Edit: This thread -- Vorticity help -- from back in the day may be helpful!

 

[JamesCaruso]

... If the vertical shear profile is unidirectional (which does NOT require that the wind profile be unidirectional -- a nice veering wind profile can still produce a straight-line hodograph and undirectional shear)...

In what situations would a veering wind profile produce a straight-line hodograph and unidirectional shear? Would wind speeds have to actually be slower the higher up in the atmosphere you go?

 

[Jeff Snyder]

In what situations would a veering wind profile produce a straight-line hodograph and unidirectional shear? Would wind speeds have to actually be slower the higher up in the atmosphere you go?

There's a great figure in the Markowski and Richardson Mesoscale book to highlight this (Fig. 2.13), but I can't find it online. Here's one example from Doswell (1991 -- http://mesoscale.ou.edu/~doswell/hodographs/hodographs.html), though:

In the above image, winds are southeasterly at the surface and veer to southwesterly aloft. Typically, wind speeds would need to decrease from the sfc up to some height (the height at which the hodograph is closest to the origin) and then increase above that height.

A similar one (link: http://tornado.sfsu.edu/Geosciences/classes/m500/Helicity/Straight_Curved.html):

 

[Rob H]

To compound on Jeff's excellent explanation, helicity (aka streamwise vorticity) is denoted by the area marked by the storm's actual motion and the wind profile as plotted on a hodograph:

The crosshairs is storm motion, so if you want 0-3km SRH, you connect the lines: start at storm motion, to go 0km, follow the profile to 3km, then close it off by returning to storm motion. The yellow area is the SRH. Understanding this relationship should make it easier to see why you can have streamwise vorticity with straight line hodos - as long as your storm motion is not resting exactly on the profile, there will always be some area bounded by these points.

Straight line hodos don't mean "wind coming from the same direction" which is a slightly counter-intuitive concept that you need to move past when learning to interpret hodos.

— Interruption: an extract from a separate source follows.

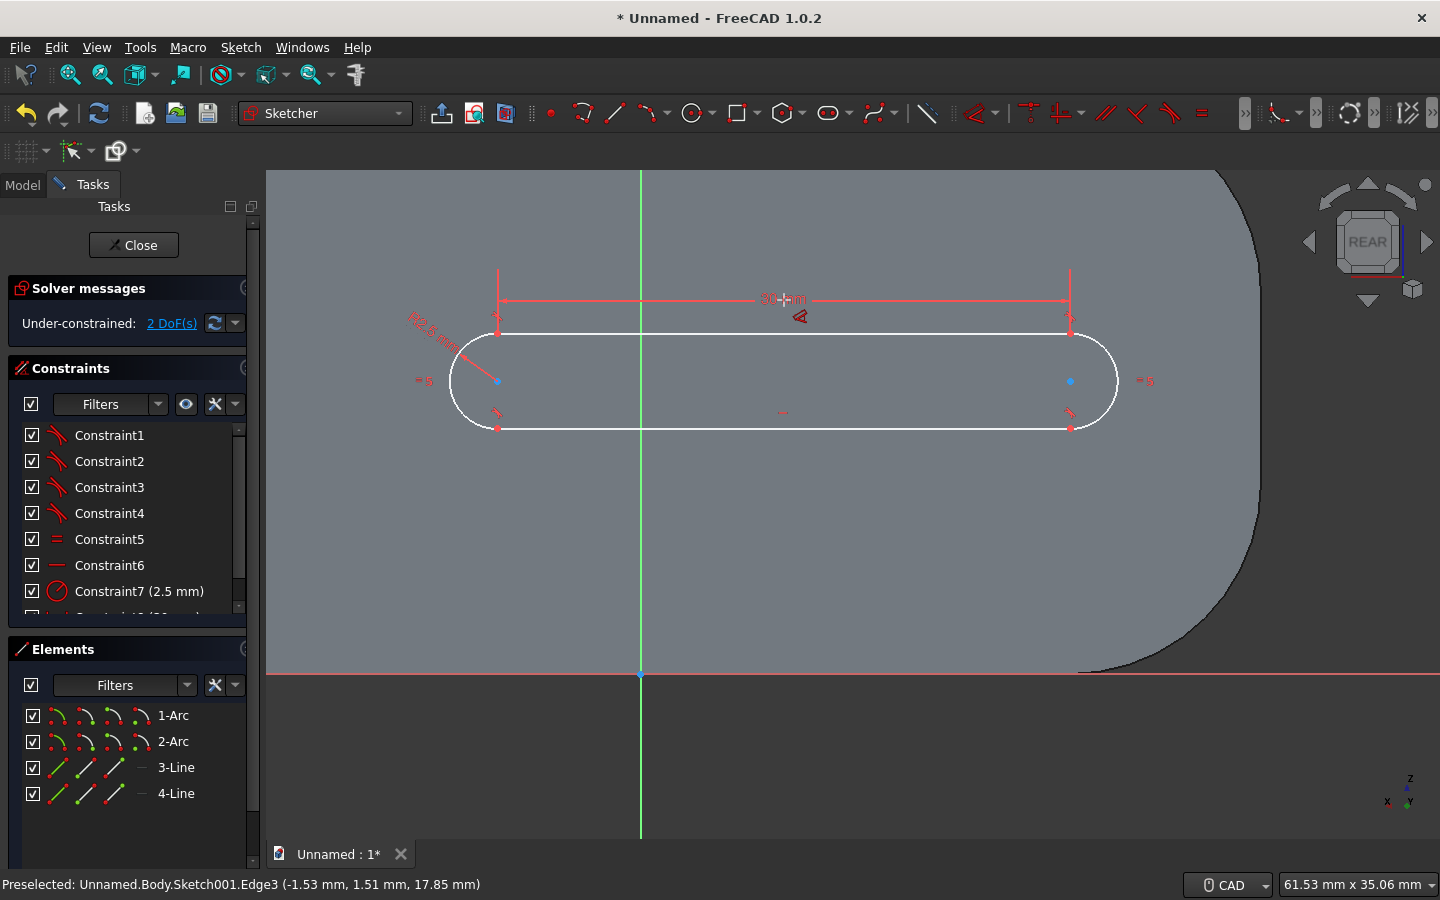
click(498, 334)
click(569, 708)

The exception to this is if you're considering storm relative winds and you're measuring from somewhere on the profile. In which case you have (near) zero helicity

 

[calvinkaskey]

So according to the SPC with the vorticities in the 300s they are underplaying the chances of strong tornadoes for tomorrow?

 

[Rob H]

So according to the SPC with the vorticities in the 300s they are underplaying the chances of strong tornadoes for tomorrow?

My first post should have huge flashing, blinking lights around it that say "in the presence of an environment with all other parameters and ingredients being favorable for tornadogenesis".

Just a personal observation, but I think your forecasting skills would improve dramatically if you focused less on how you thought the SPC was always doing a poor job.